Although the accuracy is slightly less than the initial logistic regression model, KNN seems to classify both class 0 and 1 pretty well.

4.2 Tuning

I will plot the same metrics as the ones used in logistic regression for different values of K.

knn_metrics <- function(k){
  prediction <- knn(train = train_x_scaled,
                    test = test_x_scaled,
                    cl = train_y,
                    k = k)
  
  conf <- confusionMatrix(prediction, 
                          reference = test_y,
                          positive = "1")
  
  res <- c(conf$overall[1], conf$byClass[1], conf$byClass[2], conf$byClass[3])
  return(res)
}
knn_result <- matrix(nrow = 100, ncol = 4)
  
for(i in 1:100){
  knn_result[i, ] <- knn_metrics(i)
}

knn_result <- as.data.frame(knn_result) %>% 
  rename(Accuracy = V1,
         Recall = V2,
         Specifity = V3,
         Precision = V4) %>% 
  mutate(k = seq(1, 100, length = 100))

Plotting the metrics for different values of K.

knn_result %>% 
  gather(key = "metrics", value = "value", -k) %>% 
  ggplot(mapping = aes(x = k,
                       y = value,
                       col = metrics)) +
  geom_line(lwd = 1) +
  labs(title = "Metrics for Different Cutoffs",
       y = "Value") +
  theme_minimal() +
  theme(legend.position = "top",
        legend.title = element_blank(),
        plot.title = element_text(hjust = 0.5))

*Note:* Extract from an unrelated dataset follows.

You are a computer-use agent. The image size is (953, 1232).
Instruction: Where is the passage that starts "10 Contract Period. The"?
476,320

Again, deciding which value of K is the most optimum will depend on the business case. I personally think that using \(K = 41\) is the most optimal K.

pred_knn <- knn(train = train_x_scaled,
                 test = test_x_scaled,
                 cl = train_y,
                 k = 41)

conf_matrix <- confusionMatrix(pred_knn,
                               reference = test_y,
                               positive = "1")

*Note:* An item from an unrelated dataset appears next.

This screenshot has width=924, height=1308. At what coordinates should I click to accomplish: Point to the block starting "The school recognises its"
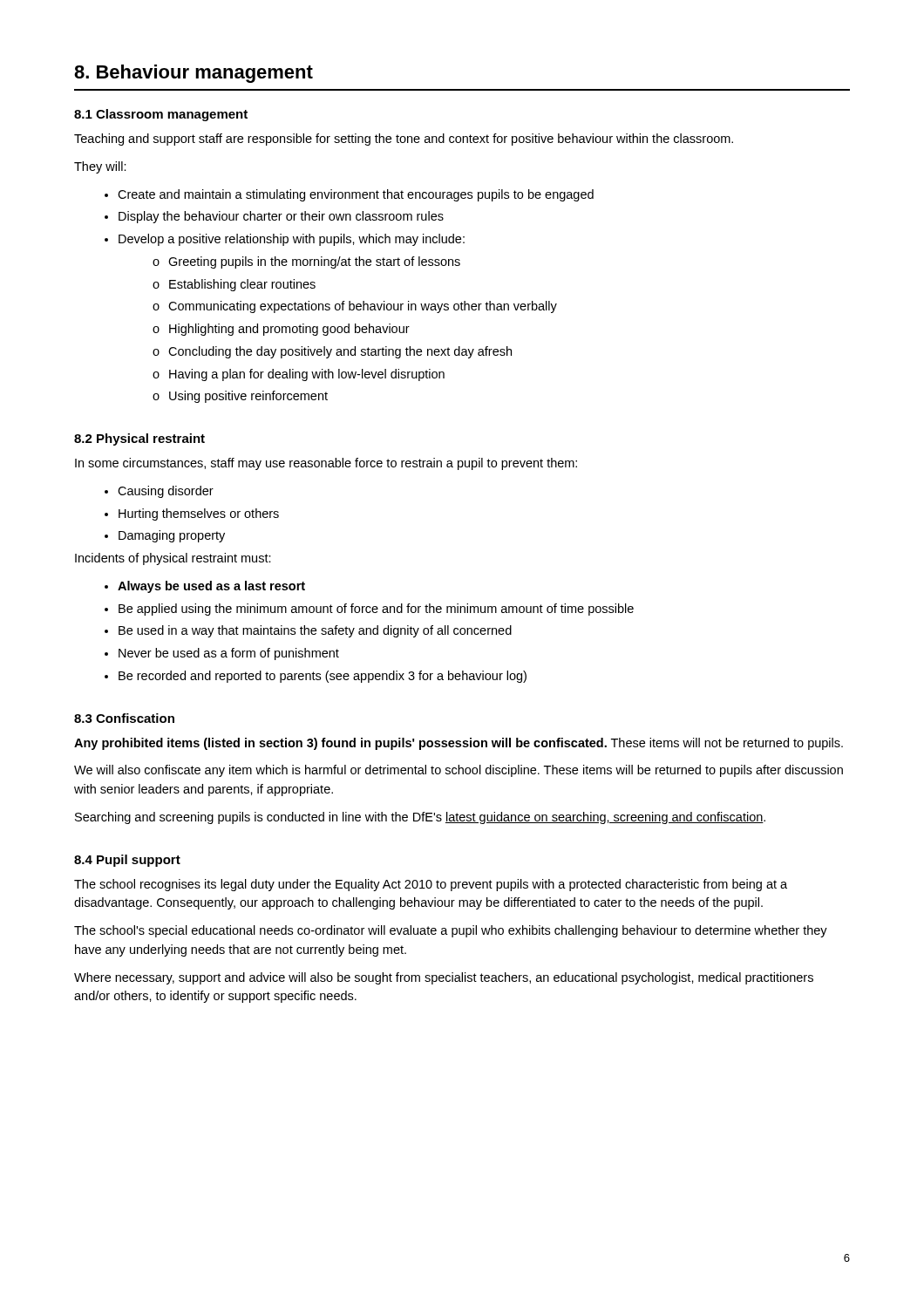462,894

eval_knn <- data.frame("Accuracy" = conf_matrix$overall[1],
                       "Recall" = conf_matrix$byClass[1],
                       "Specificity" = conf_matrix$byClass[2],
                       "Precision" = conf_matrix$byClass[3],
                       "Neg.Pred.Value" = conf_matrix$byClass[4],
                       row.names = NULL)

eval_knn

Here is the final result, using KNN with \(K = 41\) gives us 82.1% accuracy, 74.64% recall, 83.3% specificity, 41.7% precision, and 95.35% negative prediction value.

5 Comparison Between Logistic Regression and KNN

Here are the results of optimized logistic regression and KNN algorithm.

# Logistic Regression Evaluation

eval_logreg
# KNN Evaluation

eval_knn

There is only a slight difference in the metrics of logistic regression and KNN. In overall, K - Nearest Neighbor algorithm gives better prediction on this dataset, although the recall is slightly less than logistic regression.

6 Conclusion

For predicting the telecommunication customer churn dataset, using both KNN and logistic regression gives similar result, with KNN having a slightly better metrics in overall. Despite the accuracy, using logistic regression algorithm gives more benefit than KNN, since the result is more interpretable and it can also handle categorical variables. The model would perform better if there are more data regarding this case. There is a moderate class imbalance in the data, where 85% of the observations belong to the customer who will keep using telecommunication provider’s services. Thus, the model was having difficulties to learn the characteristics of customers who will leave the services well. If there were more observations regarding customers who will leave services, I am pretty sure the model would perform better in classifying them.